• **PROBLEM REQUIREMENTS**
Write out exactly the lines from the first line of the records below through the line that contains "- supplement tub from (353, 300)", and stop there.

===

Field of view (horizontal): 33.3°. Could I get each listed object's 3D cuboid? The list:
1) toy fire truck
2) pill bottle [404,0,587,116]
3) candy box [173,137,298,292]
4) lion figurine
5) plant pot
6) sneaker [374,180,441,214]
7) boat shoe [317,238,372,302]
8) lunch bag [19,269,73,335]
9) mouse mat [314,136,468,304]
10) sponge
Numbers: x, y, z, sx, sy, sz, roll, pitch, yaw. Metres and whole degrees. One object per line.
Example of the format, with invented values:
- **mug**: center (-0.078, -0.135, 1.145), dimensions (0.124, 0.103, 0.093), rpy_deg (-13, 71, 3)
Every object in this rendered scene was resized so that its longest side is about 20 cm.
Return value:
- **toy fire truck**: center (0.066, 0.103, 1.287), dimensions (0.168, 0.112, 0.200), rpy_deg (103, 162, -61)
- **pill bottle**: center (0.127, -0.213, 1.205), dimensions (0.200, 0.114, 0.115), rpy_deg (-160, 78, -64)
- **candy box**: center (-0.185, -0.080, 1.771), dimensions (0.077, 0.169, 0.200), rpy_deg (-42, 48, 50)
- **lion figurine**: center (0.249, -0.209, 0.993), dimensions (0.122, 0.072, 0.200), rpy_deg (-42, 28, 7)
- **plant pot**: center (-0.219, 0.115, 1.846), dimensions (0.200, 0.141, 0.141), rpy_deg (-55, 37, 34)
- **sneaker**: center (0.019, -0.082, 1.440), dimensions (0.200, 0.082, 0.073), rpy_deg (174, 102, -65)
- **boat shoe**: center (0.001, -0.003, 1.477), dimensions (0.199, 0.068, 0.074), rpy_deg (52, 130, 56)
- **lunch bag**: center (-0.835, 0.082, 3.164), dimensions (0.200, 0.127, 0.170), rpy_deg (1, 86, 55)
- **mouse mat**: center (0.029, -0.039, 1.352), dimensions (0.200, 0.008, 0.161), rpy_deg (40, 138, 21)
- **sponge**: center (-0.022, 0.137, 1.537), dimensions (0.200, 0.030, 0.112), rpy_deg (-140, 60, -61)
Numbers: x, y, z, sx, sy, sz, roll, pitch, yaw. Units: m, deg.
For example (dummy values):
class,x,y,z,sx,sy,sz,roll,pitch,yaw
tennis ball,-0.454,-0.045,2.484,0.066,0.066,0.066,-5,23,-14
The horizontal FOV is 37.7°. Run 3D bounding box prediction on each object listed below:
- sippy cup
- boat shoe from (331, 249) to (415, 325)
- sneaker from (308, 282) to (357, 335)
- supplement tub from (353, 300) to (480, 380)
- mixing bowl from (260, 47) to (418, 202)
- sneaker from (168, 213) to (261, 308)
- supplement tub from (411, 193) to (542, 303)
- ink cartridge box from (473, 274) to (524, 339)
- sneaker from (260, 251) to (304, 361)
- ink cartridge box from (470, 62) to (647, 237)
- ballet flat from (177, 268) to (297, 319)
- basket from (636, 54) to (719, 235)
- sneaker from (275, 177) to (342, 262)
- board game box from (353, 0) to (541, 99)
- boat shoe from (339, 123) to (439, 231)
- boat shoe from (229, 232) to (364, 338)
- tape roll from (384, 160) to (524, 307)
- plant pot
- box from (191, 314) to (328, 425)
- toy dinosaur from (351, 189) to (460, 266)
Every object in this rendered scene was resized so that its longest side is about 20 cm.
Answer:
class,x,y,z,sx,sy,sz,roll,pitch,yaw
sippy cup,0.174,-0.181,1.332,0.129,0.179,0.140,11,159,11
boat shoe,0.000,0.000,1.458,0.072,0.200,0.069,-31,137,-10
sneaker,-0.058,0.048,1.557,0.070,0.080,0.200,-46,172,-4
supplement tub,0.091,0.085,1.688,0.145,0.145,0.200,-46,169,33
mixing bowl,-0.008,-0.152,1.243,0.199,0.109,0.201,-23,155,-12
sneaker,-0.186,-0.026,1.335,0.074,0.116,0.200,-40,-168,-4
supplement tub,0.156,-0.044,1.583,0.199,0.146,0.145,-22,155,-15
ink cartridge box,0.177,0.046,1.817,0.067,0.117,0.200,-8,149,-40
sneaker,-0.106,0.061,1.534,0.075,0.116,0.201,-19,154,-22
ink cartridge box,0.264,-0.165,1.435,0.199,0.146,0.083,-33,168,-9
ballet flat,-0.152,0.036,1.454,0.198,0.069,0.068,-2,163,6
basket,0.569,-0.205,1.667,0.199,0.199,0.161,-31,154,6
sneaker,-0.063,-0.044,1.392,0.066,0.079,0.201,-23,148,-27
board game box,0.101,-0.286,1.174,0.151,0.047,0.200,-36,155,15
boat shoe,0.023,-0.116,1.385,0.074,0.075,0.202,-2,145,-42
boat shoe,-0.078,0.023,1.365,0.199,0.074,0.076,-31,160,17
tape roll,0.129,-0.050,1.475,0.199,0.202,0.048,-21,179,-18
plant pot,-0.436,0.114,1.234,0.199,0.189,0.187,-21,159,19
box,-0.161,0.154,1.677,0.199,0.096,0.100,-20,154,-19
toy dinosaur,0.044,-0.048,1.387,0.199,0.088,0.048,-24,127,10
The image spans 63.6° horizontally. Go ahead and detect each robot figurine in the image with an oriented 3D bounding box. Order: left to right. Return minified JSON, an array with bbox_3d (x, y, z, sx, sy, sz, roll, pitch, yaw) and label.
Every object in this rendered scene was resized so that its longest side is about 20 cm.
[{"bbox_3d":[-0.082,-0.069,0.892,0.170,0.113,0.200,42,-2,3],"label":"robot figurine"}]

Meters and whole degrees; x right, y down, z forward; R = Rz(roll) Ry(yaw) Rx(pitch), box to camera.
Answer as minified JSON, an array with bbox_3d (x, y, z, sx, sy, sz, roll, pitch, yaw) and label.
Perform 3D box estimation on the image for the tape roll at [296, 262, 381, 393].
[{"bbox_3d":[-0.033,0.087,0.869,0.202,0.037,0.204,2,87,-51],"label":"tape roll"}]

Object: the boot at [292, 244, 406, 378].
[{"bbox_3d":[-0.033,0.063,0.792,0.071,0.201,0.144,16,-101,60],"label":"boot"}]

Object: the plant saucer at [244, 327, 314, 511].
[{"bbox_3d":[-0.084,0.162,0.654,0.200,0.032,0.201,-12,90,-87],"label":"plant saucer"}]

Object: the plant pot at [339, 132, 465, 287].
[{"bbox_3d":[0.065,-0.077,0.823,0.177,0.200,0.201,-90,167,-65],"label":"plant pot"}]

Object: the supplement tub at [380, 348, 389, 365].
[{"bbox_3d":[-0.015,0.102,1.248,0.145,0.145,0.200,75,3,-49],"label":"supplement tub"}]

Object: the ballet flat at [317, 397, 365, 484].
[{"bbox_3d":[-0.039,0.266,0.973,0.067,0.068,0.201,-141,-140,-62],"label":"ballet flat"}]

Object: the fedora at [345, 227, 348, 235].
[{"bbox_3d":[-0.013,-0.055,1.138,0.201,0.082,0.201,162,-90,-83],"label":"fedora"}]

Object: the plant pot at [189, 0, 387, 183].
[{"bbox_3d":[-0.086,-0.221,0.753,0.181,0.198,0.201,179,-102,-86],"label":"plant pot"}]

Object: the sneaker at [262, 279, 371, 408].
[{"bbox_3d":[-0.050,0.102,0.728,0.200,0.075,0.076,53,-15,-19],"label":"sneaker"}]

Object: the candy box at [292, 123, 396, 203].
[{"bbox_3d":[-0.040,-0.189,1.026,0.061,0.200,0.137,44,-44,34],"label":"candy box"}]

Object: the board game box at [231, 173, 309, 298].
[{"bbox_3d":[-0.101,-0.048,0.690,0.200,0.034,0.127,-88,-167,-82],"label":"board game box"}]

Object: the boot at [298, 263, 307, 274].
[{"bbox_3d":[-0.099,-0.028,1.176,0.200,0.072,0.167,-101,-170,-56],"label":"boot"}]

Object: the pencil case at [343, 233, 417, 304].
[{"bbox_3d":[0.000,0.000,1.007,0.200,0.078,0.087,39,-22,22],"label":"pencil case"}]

===

• **YOUR SOLUTION**
Field of view (horizontal): 33.3°. Could I get each listed object's 3D cuboid? The list:
1) toy fire truck
2) pill bottle [404,0,587,116]
3) candy box [173,137,298,292]
4) lion figurine
5) plant pot
6) sneaker [374,180,441,214]
7) boat shoe [317,238,372,302]
8) lunch bag [19,269,73,335]
9) mouse mat [314,136,468,304]
10) sponge
Numbers: x, y, z, sx, sy, sz, roll, pitch, yaw. Metres and whole degrees. One object per line.
Example of the format, with invented values:
- **mug**: center (-0.078, -0.135, 1.145), dimensions (0.124, 0.103, 0.093), rpy_deg (-13, 71, 3)
Every object in this rendered scene was resized so that its longest side is about 20 cm.
Return value:
- **toy fire truck**: center (0.066, 0.103, 1.287), dimensions (0.168, 0.112, 0.200), rpy_deg (103, 162, -61)
- **pill bottle**: center (0.127, -0.213, 1.205), dimensions (0.200, 0.114, 0.115), rpy_deg (-160, 78, -64)
- **candy box**: center (-0.185, -0.080, 1.771), dimensions (0.077, 0.169, 0.200), rpy_deg (-42, 48, 50)
- **lion figurine**: center (0.249, -0.209, 0.993), dimensions (0.122, 0.072, 0.200), rpy_deg (-42, 28, 7)
- **plant pot**: center (-0.219, 0.115, 1.846), dimensions (0.200, 0.141, 0.141), rpy_deg (-55, 37, 34)
- **sneaker**: center (0.019, -0.082, 1.440), dimensions (0.200, 0.082, 0.073), rpy_deg (174, 102, -65)
- **boat shoe**: center (0.001, -0.003, 1.477), dimensions (0.199, 0.068, 0.074), rpy_deg (52, 130, 56)
- **lunch bag**: center (-0.835, 0.082, 3.164), dimensions (0.200, 0.127, 0.170), rpy_deg (1, 86, 55)
- **mouse mat**: center (0.029, -0.039, 1.352), dimensions (0.200, 0.008, 0.161), rpy_deg (40, 138, 21)
- **sponge**: center (-0.022, 0.137, 1.537), dimensions (0.200, 0.030, 0.112), rpy_deg (-140, 60, -61)
Numbers: x, y, z, sx, sy, sz, roll, pitch, yaw. Units: m, deg.
For example (dummy values):
class,x,y,z,sx,sy,sz,roll,pitch,yaw
tennis ball,-0.454,-0.045,2.484,0.066,0.066,0.066,-5,23,-14
The horizontal FOV is 37.7°. Run 3D bounding box prediction on each object listed below:
- sippy cup
- boat shoe from (331, 249) to (415, 325)
- sneaker from (308, 282) to (357, 335)
- supplement tub from (353, 300) to (480, 380)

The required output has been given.